Le Puffco Proxy a été lancé avec un prix de détail conseillé de 299 USD. Depuis, le prix a nettement baissé — surtout sur le marché européen. Actuellement, vous pouvez le trouver à partir d’environ 89 EUR dans la comparaison des prix internationale. C’est une chute de prix massive qui fait du Proxy l’un des meilleurs deals dans la catégorie concentrés.

Regarde l’évolution des prix ci-dessus avant d’acheter. Les prix varient en fonction de la boutique et des promotions, parfois fortement. Surtout autour de Black Friday et du 4/20, on trouve régulièrement de bonnes affaires.

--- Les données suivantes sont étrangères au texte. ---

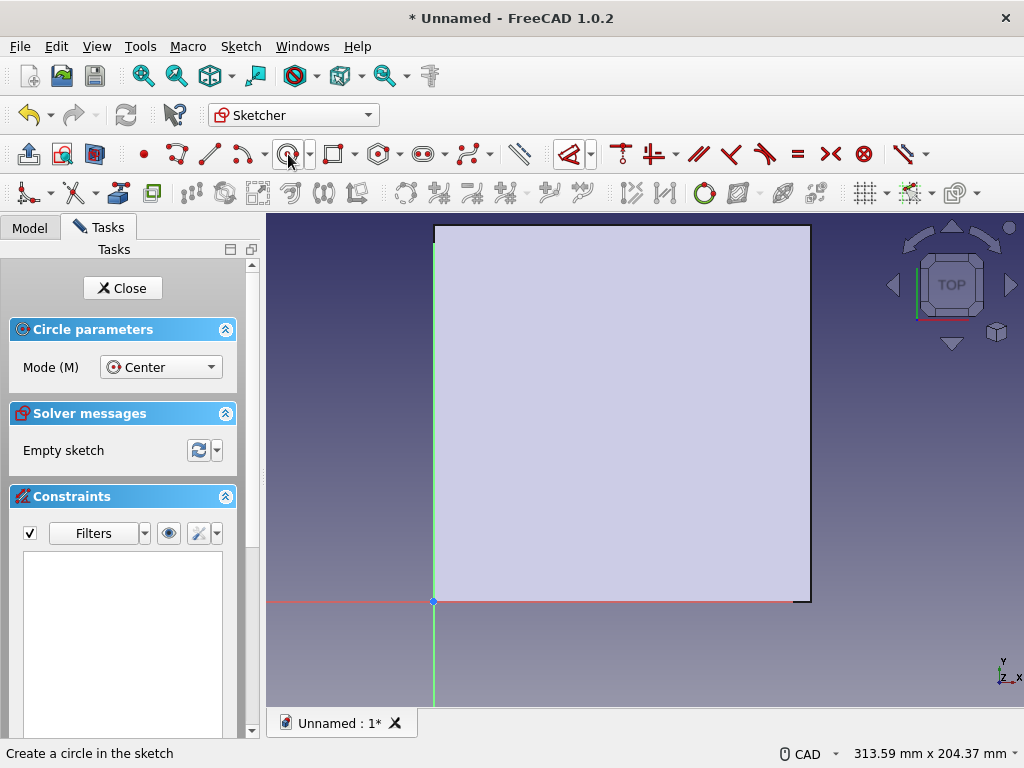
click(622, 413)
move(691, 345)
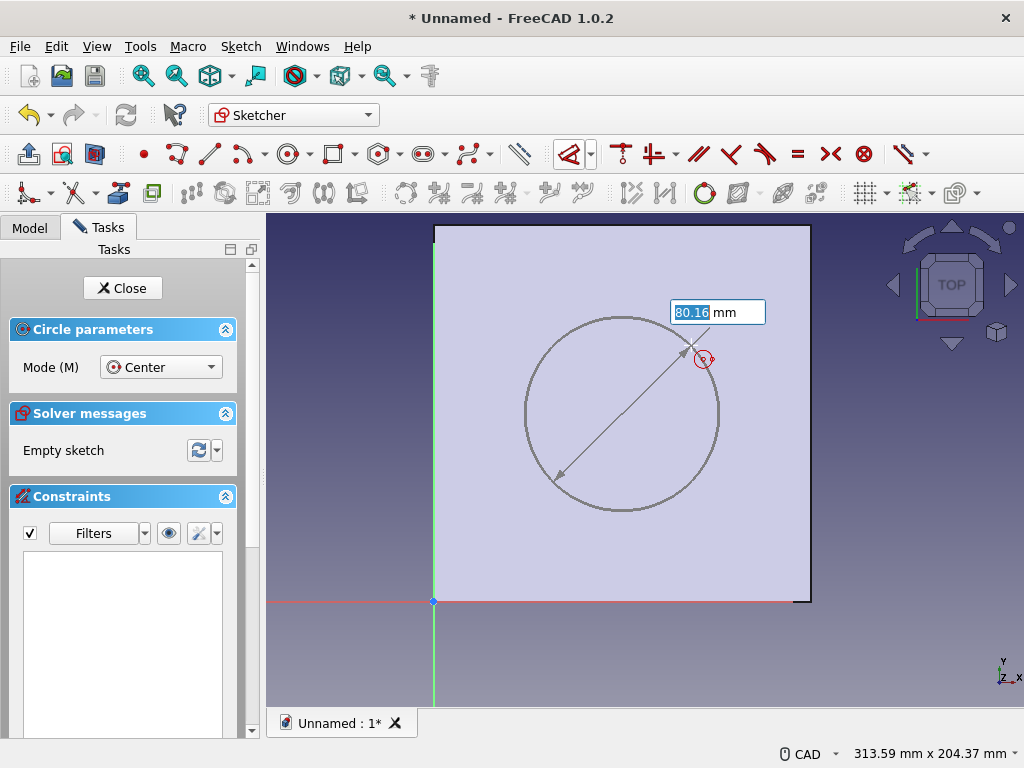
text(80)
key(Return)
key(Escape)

Conclusion — le Puffco Proxy en vaut-il la peine ?

Le Puffco Proxy fait beaucoup de choses très bien. La chambre 3D offre une vaporisation homogène et riche en saveurs. Le verre Bubbler refroidit nettement la vapeur. Le design modulaire est finement pensé et prolonge la durée de vie. La finition est au niveau attendu d’un fabricant premium.

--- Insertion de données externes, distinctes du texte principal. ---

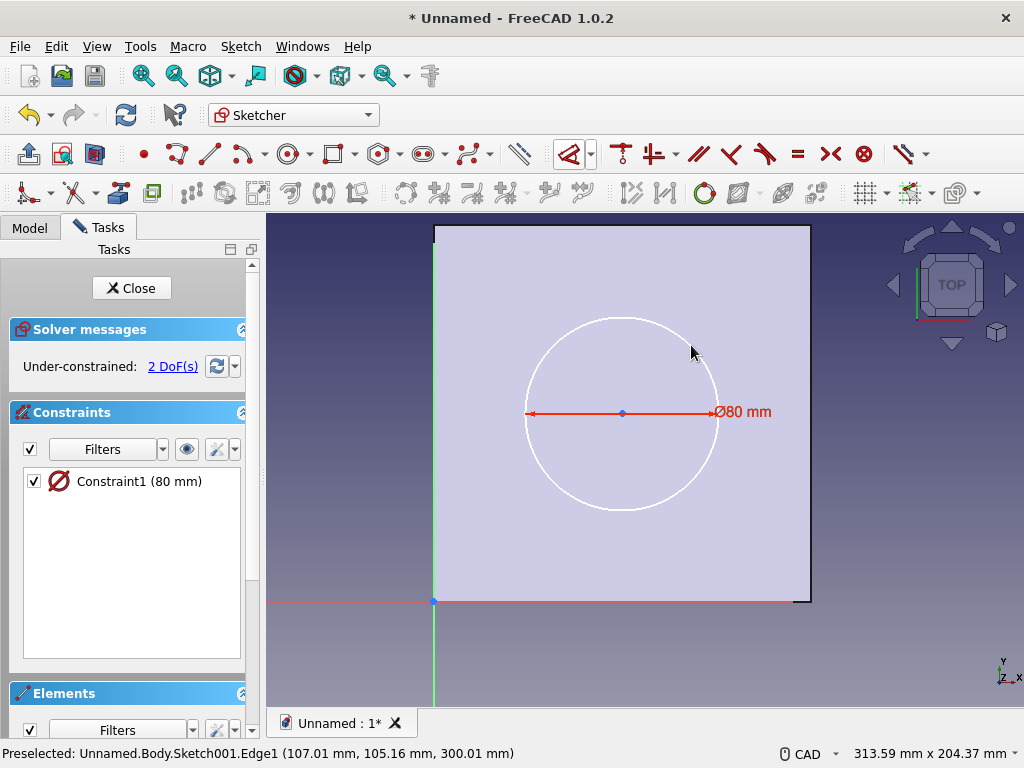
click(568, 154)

Mais c’est aussi un produit de niche. Un vaporisateur pour concentrés pour des personnes qui savent ce qu’elles veulent. Ce n’est pas une “poule aux œufs d’or” qui sait tout faire. Si vous voulez vaporiser des herbes sèches, vous aurez besoin d’un autre appareil. Et si vous n’avez jamais travaillé avec des concentrés, il vaut mieux vous renseigner avant.

Pour le prix actuel dans la rue, autour de 89 EUR, tu obtiens toutefois une quantité impressionnante d’appareil. L’année dernière, on aurait payé le double. Si tu cherches un vaporisateur portable pour concentrés qui en fait plus que les wax pens habituels, le Proxy fait partie des meilleures options du marché. La communauté r/puffco pense la même chose — et ce n’est pas exactement leur style de faire des éloges sans recul.

Note : 8/10 — Excellente qualité de vapeur et design malin, points à retirer pour l’autonomie et la courbe d’apprentissage pour les débutants en concentrés.